Co-Authored-By: Claude Opus 4.8 (1M context) <noreply@anthropic.com>
Claude-Session: https://claude.ai/code/session_01CRiGki7G3D8QyixmYeMGiY
---
 .../src/virtualapi/NCVirtAPI_Type1_v1_impl.hh | 20 +++++++++++++------
 1 file changed, 14 insertions(+), 6 deletions(-)
diff --git a/ncrystal_core/src/virtualapi/NCVirtAPI_Type1_v1_impl.hh b/ncrystal_core/src/virtualapi/NCVirtAPI_Type1_v1_impl.hh
index b20286729..8adfcb1bf 100644
--- a/ncrystal_core/src/virtualapi/NCVirtAPI_Type1_v1_impl.hh
+++ b/ncrystal_core/src/virtualapi/NCVirtAPI_Type1_v1_impl.hh
@@ -21,6 +21,7 @@
 #include "NCrystal/virtualapi/NCVirtAPI_Type1_v1.hh"
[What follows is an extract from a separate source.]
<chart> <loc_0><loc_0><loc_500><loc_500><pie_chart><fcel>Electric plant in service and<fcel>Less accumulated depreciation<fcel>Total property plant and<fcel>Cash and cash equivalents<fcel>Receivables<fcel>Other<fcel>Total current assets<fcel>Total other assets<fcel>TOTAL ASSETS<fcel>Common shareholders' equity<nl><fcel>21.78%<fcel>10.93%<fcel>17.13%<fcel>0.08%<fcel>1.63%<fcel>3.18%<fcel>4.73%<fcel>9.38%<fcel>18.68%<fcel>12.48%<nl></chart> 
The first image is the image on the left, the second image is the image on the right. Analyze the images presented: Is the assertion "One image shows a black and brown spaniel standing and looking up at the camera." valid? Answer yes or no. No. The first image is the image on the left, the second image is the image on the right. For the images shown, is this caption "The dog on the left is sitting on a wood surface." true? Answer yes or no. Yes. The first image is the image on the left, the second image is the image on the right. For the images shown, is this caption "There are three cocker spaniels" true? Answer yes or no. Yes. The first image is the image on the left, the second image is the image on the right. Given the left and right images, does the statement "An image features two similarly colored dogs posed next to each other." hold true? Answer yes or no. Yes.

 #include "NCrystal/factories/NCFactImpl.hh"
 #include "NCVirtAPIUtils.hh"
+#include <unordered_map>
 
 namespace NCRYSTAL_NAMESPACE {
 
@@ -56,13 +57,21 @@ namespace NCRYSTAL_NAMESPACE {
         delete reinterpret_cast<const ScatterProcess*>(sp);
       }
 
+      // Reuse a persistent cache per (thread, process) instead of allocating a
+      // fresh one on every call. The cache is keyed by process pointer so it is
+      // never shared between processes: accessCache does not check process
+      // identity, and m_nHistory (the only reset trigger) is not unique per
+      // process, so a single shared cache could be applied to the wrong process.
+      // The cross-section and scatter paths use separate maps, matching the two
+      // original CachePtr objects. thread_local keeps it thread-safe without
+      // locks, and replaces the per-call allocation the original flagged as
+      // "Fully MT safe, fully inefficient".
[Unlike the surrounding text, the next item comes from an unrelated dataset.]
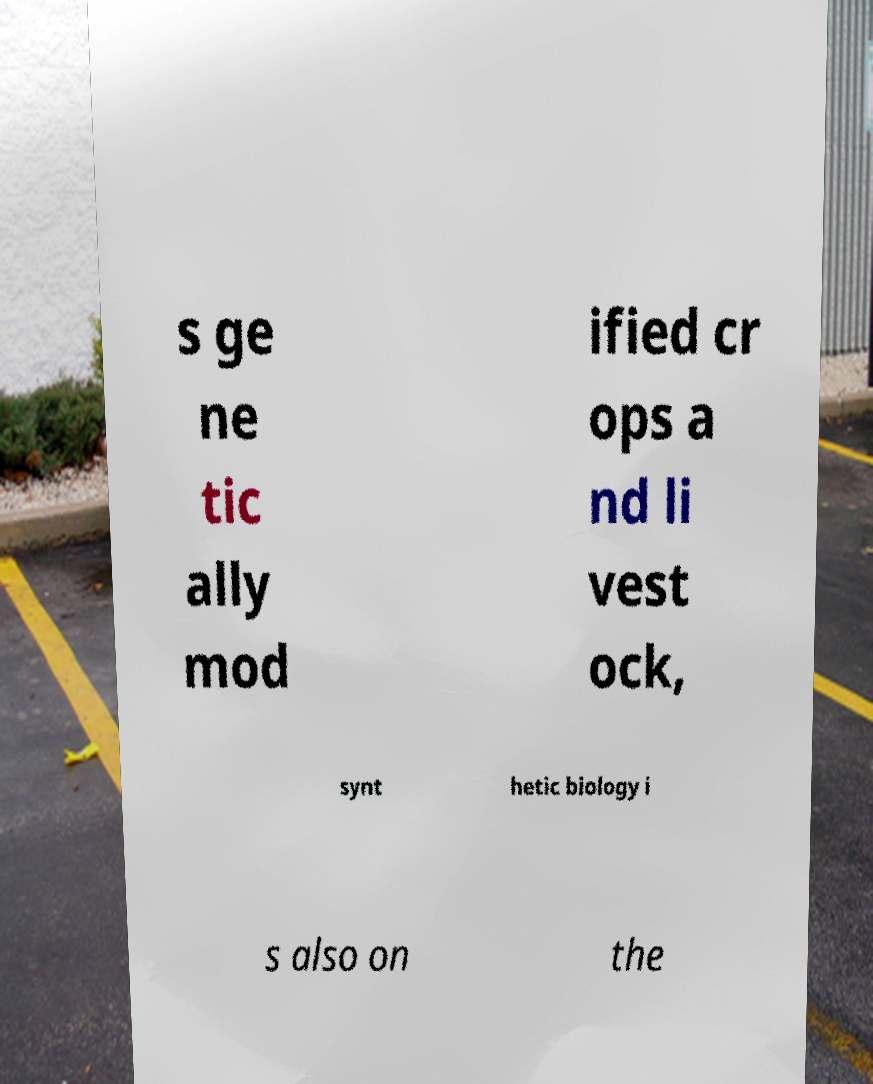Could you extract and type out the text from this image? s ge ne tic ally mod ified cr ops a nd li vest ock, synt hetic biology i s also on the

       double crossSectionUncached( const PubScatterProcess& pub_sp,
                                    const double* n ) const override
       {
         auto sp = reinterpret_cast<const ScatterProcess*>(&pub_sp);
-        CachePtr dummycache;//<--- Fully MT safe, fully inefficient. To be
-                            //revisited in a future api version!
-        return sp->procptr->crossSection( dummycache,
+        thread_local std::unordered_map<const ScatterProcess*, CachePtr> xs_caches;
+        return sp->procptr->crossSection( xs_caches[sp],
                                           NeutronEnergy{ n[0] },
                                           NeutronDirection( n[1], n[2], n[3] )
                                           ).dbl();
@@ -75,10 +84,9 @@ namespace NCRYSTAL_NAMESPACE {
                                   double* n ) const override
       {
         auto sp = reinterpret_cast<const ScatterProcess*>(&pub_sp);
-        CachePtr dummycache;//<--- Fully MT safe, fully inefficient. To be
-                            //revisited in a future api version!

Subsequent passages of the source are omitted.